Миссис Коген, горбатая старуха с коричневым и пятнистым, как печеное яблоко, лицом стоит у кухонного стола, сложив узловатые руки на животе. Она раскачивается всем туловищем и монотонно ругает по-еврейски Анну, сидящую с осовелыми, заспанными глазами над чашкой кофе.
– Хоть бы ты умерла маленькой! Хоть бы ты родилась мертвой… Ой, для чего я родила четырех детей? Для того, чтобы они все были негодяями, агитаторами, лодырями и бродягами?… Бенни уже два раза сидел в тюрьме, Сол – Бог знает где и что делает, Сарра, проклятая девчонка, дрыгает ногами в театре, а ты, чтоб тебе с места не сойти, бесстыдница этакая, пикетируешь с бастующими швейниками, шляешься по улицам с плакатами на спине!
Анна обмакнула кусок хлеба в кофе и сунула его в рот.
– Ах, мама, ты не понимаешь, – говорит она с полным ртом.
– Что понимать? Распутство понимать?… Ой, почему ты не занимаешься своим делом, почему ты не держишь язык за зубами, почему ты не зарабатываешь, как все люди? Ты раньше зарабатывала хорошие деньги и могла бы выйти замуж за приличного человека… А теперь ты начала бегать по танцулькам с гоем… Ой, ой, вот для чего я растила на старости лет дочерей – чтобы ни один порядочный человек не хотел на них жениться…
Анна встала.
– Это не твое дело! – взвизгнула она. – Я аккуратно плачу свою долю за квартиру. Ты думаешь, девушка ни на что больше не годна, как только быть рабой и всю жизнь сохнуть над работой?… А я думаю иначе – поняла? Не смей больше ругаться…
– Ты дерзишь старухе матери? Если бы Соломон был жив, он бы отколотил тебя. Лучше бы ты родилась мертвой, чем ругать свою мать, как гойка![201] Убирайся вон отсюда, не то я тебя прокляну!
– И уйду! – Анна пробежала узким, заставленным сундуками коридором в свою спальню и бросилась на кровать.
Ее щеки горели. Она лежала неподвижно, стараясь думать. Из кухни доносились монотонные рыдания старухи.
Анна села на кровать. Она увидела в зеркале напротив напряженное, заплаканное лицо и сбившиеся волосы.

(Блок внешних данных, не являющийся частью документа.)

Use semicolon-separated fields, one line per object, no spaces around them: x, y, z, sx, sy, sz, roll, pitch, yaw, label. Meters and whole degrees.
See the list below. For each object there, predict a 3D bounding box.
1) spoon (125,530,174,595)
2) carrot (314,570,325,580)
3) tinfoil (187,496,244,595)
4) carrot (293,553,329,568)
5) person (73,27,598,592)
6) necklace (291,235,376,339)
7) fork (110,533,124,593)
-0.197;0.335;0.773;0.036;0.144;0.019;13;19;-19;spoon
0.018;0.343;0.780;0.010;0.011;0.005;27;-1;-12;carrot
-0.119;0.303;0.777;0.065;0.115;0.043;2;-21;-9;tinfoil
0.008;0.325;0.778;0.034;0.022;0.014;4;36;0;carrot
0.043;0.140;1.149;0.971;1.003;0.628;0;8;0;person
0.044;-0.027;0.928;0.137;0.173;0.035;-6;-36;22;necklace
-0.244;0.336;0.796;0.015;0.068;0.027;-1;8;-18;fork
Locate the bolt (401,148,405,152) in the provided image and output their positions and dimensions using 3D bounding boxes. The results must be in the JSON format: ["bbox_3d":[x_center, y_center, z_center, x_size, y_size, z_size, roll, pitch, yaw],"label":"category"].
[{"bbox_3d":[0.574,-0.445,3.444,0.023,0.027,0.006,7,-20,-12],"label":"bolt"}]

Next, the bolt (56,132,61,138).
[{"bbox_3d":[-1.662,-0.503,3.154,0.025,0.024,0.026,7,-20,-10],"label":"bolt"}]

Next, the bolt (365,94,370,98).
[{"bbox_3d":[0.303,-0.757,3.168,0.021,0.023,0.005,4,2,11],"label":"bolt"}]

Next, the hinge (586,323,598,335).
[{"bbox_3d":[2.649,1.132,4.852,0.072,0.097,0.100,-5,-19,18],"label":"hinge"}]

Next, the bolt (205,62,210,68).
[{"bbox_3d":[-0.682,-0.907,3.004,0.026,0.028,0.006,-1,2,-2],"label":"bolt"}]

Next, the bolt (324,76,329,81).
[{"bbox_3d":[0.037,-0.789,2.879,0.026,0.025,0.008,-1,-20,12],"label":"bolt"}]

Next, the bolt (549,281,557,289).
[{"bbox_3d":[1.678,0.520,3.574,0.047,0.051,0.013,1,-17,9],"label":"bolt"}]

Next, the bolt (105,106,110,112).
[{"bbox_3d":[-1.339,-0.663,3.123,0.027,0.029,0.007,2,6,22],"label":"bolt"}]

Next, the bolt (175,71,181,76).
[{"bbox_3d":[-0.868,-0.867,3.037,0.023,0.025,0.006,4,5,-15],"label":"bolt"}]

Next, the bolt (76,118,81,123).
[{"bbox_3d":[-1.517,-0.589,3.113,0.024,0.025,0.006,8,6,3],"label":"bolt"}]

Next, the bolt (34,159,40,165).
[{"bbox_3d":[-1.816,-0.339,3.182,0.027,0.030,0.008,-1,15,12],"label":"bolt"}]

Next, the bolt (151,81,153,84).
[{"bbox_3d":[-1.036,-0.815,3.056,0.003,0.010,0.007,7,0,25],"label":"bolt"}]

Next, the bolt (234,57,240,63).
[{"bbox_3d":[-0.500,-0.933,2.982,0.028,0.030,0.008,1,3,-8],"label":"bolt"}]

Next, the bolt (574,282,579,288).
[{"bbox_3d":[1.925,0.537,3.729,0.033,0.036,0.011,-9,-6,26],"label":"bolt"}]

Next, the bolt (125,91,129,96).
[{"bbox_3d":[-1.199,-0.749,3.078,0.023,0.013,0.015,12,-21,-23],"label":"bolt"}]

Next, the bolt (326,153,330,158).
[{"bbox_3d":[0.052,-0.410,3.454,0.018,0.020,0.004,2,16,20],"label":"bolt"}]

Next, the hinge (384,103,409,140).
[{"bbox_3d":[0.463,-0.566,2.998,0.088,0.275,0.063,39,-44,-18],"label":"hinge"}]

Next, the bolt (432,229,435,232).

– Боже мой, ну и вид, – вздохнула она.
Когда она встала, то задела каблуком за оборку платья. Платье с треском разорвалось. Анна сидела на кровати и плакала, плакала. Потом стала зашивать платье маленькими, аккуратными стежками. Шитье успокоило ее. Она надела шляпу, сильно напудрила нос, слегка подкрасила губы, накинула пальто и вышла. Апрель расцветил улицы неожиданными красками. Сладкая, сладострастная свежесть исходила от тележки, полной ананасов. На углу она увидела Розу Сегал и Лилиан Даймонд; они пили кока-колу у киоска.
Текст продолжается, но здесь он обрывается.